The judge took the tie.
“Do you recognize this tie as belonging to you and as being the instrument of the crime?”
“Yes, sir.”
The judge had the soft tie in his fingers, a tie like a piece of ectoplasm, a tie that had to be looked at while there was still time, for it might disappear at any moment or stiffen in the dry hand of the judge, who felt that if it did actually become erect or disappear, he would be covered with ridicule. He therefore hastened to pass the instrument of the crime to the first juror, who passed it to his neighbor, and so on, without anyone's daring to linger over recognizing it, for each of them seemed to be running the risk of being metamorphosed before his own eyes into a Spanish dancer. But the precautions of these gentlemen were futile, and though they were not aware of it, they were thoroughly changed. The guilty gestures of the jurors, seemingly in connivance with the destiny that governed the murder of the old man, and the murderer, who was as motionless as a mediumistic subject who is being questioned, and who, by virtue of such immobility, is absent, and the place of this absence, all these darkened the courtroom where the crowd wanted to see clearly. The judge droned on and on. He had reached the following point:
“And who gave you the idea of this method of committing murder?”
“Him.”
The entire world understood that Him was the dead man, who was now replaying a role, he who had been buried and devoured by worms and larvae.
“The victim?”
The judge started shouting frightfully:
“It was the victim himself who showed you how you were to go about getting rid of him? Come, come now, explain what you mean.”
Our Lady seemed embarrassed. A gentle modesty prevented him from speaking. Shyness too.

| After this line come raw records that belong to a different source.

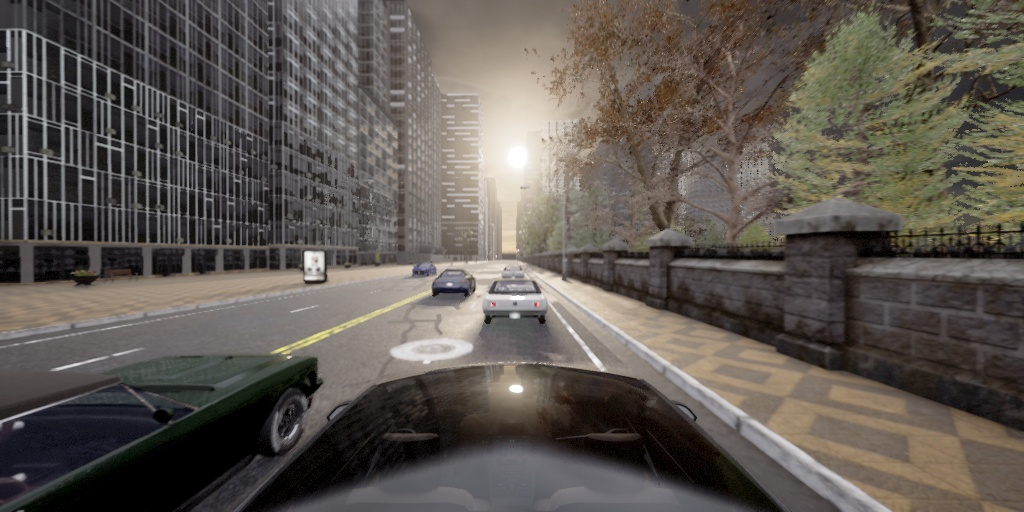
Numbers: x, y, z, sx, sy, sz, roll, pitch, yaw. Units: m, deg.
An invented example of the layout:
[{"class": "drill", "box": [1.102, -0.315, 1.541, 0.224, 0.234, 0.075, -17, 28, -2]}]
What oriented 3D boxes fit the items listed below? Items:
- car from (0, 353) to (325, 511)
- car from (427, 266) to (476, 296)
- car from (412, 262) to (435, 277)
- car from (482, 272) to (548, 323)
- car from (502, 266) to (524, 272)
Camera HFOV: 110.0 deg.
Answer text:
[{"class": "car", "box": [-3.150, 1.353, 2.123, 1.895, 1.301, 4.718, 0, 0, 0]}, {"class": "car", "box": [-3.150, 1.420, 20.109, 1.994, 1.385, 4.181, 0, 0, 0]}, {"class": "car", "box": [-9.752, 1.469, 40.202, 1.882, 1.535, 5.008, 0, 0, 0]}, {"class": "car", "box": [0.093, 1.411, 12.372, 1.895, 1.301, 4.718, 0, 0, 0]}, {"class": "car", "box": [0.097, 1.527, 31.744, 1.895, 1.301, 4.718, 0, 0, 0]}]
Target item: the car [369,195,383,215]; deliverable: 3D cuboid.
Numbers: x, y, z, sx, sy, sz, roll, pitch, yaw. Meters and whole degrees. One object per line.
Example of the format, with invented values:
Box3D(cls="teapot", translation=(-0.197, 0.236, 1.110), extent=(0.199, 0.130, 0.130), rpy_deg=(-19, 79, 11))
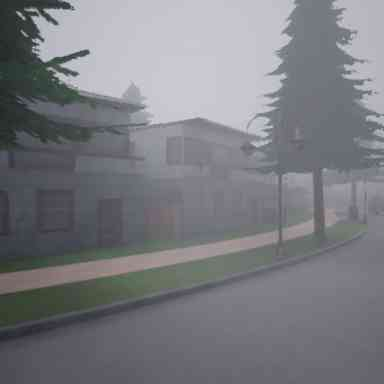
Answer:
Box3D(cls="car", translation=(20.166, 1.321, 34.972), extent=(2.150, 2.045, 5.566), rpy_deg=(0, 0, 19))
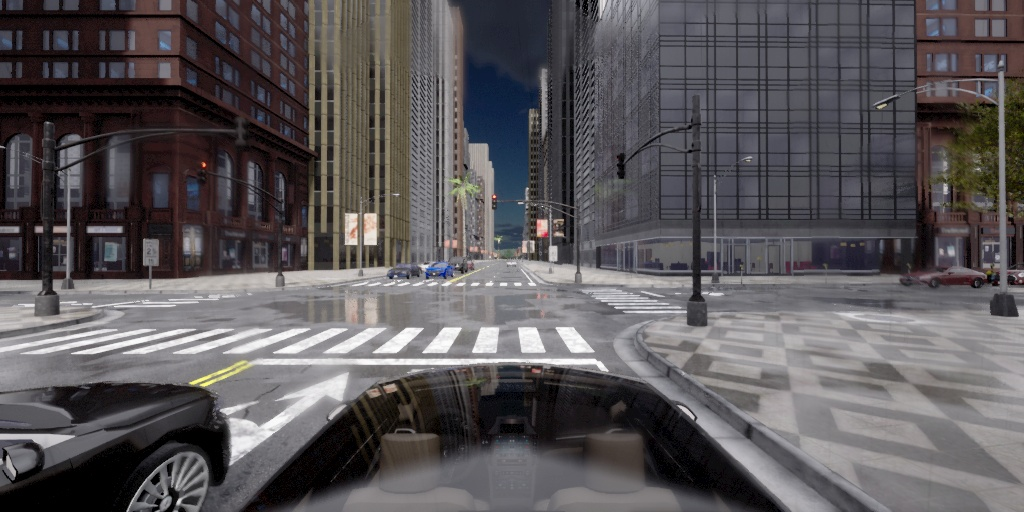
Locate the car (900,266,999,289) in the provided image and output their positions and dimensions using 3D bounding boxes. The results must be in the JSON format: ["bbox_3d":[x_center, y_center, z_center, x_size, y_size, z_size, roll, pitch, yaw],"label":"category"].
[{"bbox_3d":[26.426,1.275,21.987,4.207,1.307,1.802,0,0,-1],"label":"car"}]

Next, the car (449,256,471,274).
[{"bbox_3d":[-6.678,1.066,43.633,2.150,2.045,5.566,0,0,0],"label":"car"}]

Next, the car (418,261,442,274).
[{"bbox_3d":[-9.933,1.370,43.680,1.812,1.442,4.674,0,0,0],"label":"car"}]

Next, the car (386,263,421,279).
[{"bbox_3d":[-9.878,1.360,33.493,2.033,1.411,5.357,0,0,3],"label":"car"}]

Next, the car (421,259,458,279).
[{"bbox_3d":[-6.658,1.290,33.525,1.882,1.535,5.008,0,0,2],"label":"car"}]

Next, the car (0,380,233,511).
[{"bbox_3d":[-3.137,1.241,0.886,2.128,1.511,4.902,0,0,-1],"label":"car"}]

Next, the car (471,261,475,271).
[{"bbox_3d":[-6.681,1.410,53.923,1.812,1.442,4.674,0,0,0],"label":"car"}]

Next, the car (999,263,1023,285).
[{"bbox_3d":[32.064,1.117,22.086,4.097,1.591,1.967,0,0,-1],"label":"car"}]
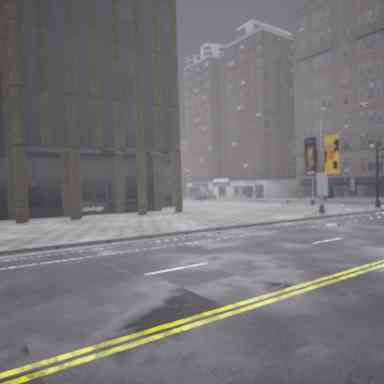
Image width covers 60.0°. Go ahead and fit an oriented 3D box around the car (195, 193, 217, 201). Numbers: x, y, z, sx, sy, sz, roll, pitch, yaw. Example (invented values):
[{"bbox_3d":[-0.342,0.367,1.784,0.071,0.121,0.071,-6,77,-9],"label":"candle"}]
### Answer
[{"bbox_3d":[2.446,0.891,59.519,2.128,1.511,4.902,-3,1,-35],"label":"car"}]
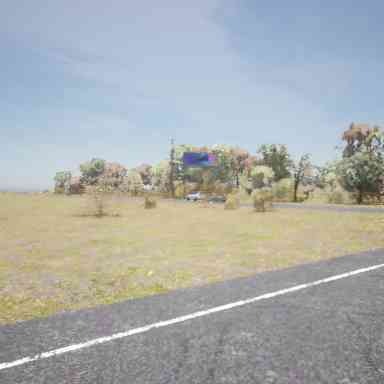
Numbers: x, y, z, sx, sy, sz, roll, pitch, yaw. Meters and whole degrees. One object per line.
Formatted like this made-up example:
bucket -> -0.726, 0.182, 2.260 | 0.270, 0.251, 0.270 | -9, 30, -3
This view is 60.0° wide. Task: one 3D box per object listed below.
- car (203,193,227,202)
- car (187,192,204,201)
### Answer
car -> 5.022, 1.402, 67.365 | 2.033, 1.411, 5.357 | 0, 0, -33
car -> 1.011, 0.951, 73.300 | 2.150, 2.045, 5.566 | 0, 0, -34
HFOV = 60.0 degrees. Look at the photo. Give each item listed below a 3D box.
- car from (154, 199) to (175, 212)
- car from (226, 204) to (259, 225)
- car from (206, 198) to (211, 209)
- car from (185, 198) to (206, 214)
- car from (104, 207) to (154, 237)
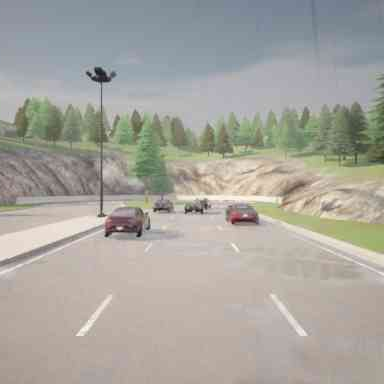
[{"bbox_3d":[-3.164,1.547,37.988,2.033,1.411,5.357,0,0,4],"label":"car"},{"bbox_3d":[3.600,1.564,24.361,1.994,1.385,4.181,0,0,0],"label":"car"},{"bbox_3d":[1.372,1.492,44.449,2.128,1.511,4.902,0,0,12],"label":"car"},{"bbox_3d":[0.258,1.601,35.248,1.895,1.301,4.718,0,0,2],"label":"car"},{"bbox_3d":[-3.400,1.526,17.935,1.812,1.442,4.674,0,0,0],"label":"car"}]
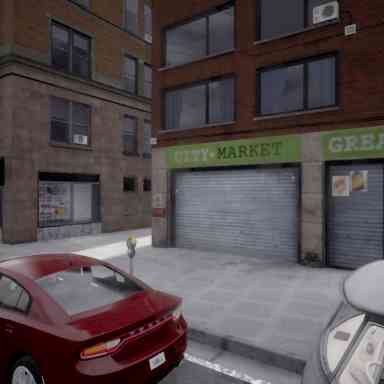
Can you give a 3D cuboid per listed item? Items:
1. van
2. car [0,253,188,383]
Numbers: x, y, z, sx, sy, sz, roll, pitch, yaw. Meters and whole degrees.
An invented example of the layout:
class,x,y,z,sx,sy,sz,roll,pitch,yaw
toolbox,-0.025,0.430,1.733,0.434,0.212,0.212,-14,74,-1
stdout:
class,x,y,z,sx,sy,sz,roll,pitch,yaw
van,2.450,1.341,1.329,3.998,1.788,1.690,0,0,35
car,-2.160,1.544,4.615,4.507,1.381,1.887,0,0,35

“Yes. You see . . . M. Ragon was wearing a tie that was too tight. He was all red. So he took it
off.”
And the murderer very gently, as if he were consenting to an infamous deal or a charitable action, admitted:
“So I thought that if I tightened it, it'd be worse.”
And a little lower still, barely loud enough for the guards and the judge (but it was lost on the crowd):
“ ‘Cause I got good arms.”
The judge, overwhelmed, lowered his head:
“You wretch!” he cried. “Why?”
“I was fabulously broke.”
Since the word “fabulous” is used to qualify a fortune, it did not seem impossible to apply it to destitution. And this fabulous impecuniousness made for Our Lady a pedestal of cloud; he was as prodigiously glorious as the body of Christ rising aloft, to dwell there alone and fixed, in the sunny noonday sky. The judge was twisting his beautiful hands. The crowd was twisting its faces. The clerks were crumpling sheets of carbon paper. The eyes of the lawyers suddenly looked like those of extra-lucid chickens. The guards were officiating. Poetry was kneading its matter. Alone, Our Lady was alone and kept his dignity, that is, he still belonged to a primitive mythology and was unaware of his divinity and his divinization. The rest of the world knew not what to think and made superhuman. efforts not to be carried off from the shore. Their hands, the nails of which had been ripped away, clung to any safety plank: crossing and uncrossing their legs, staring at stains on their jackets, thinking of the family of the strangled man, picking their teeth.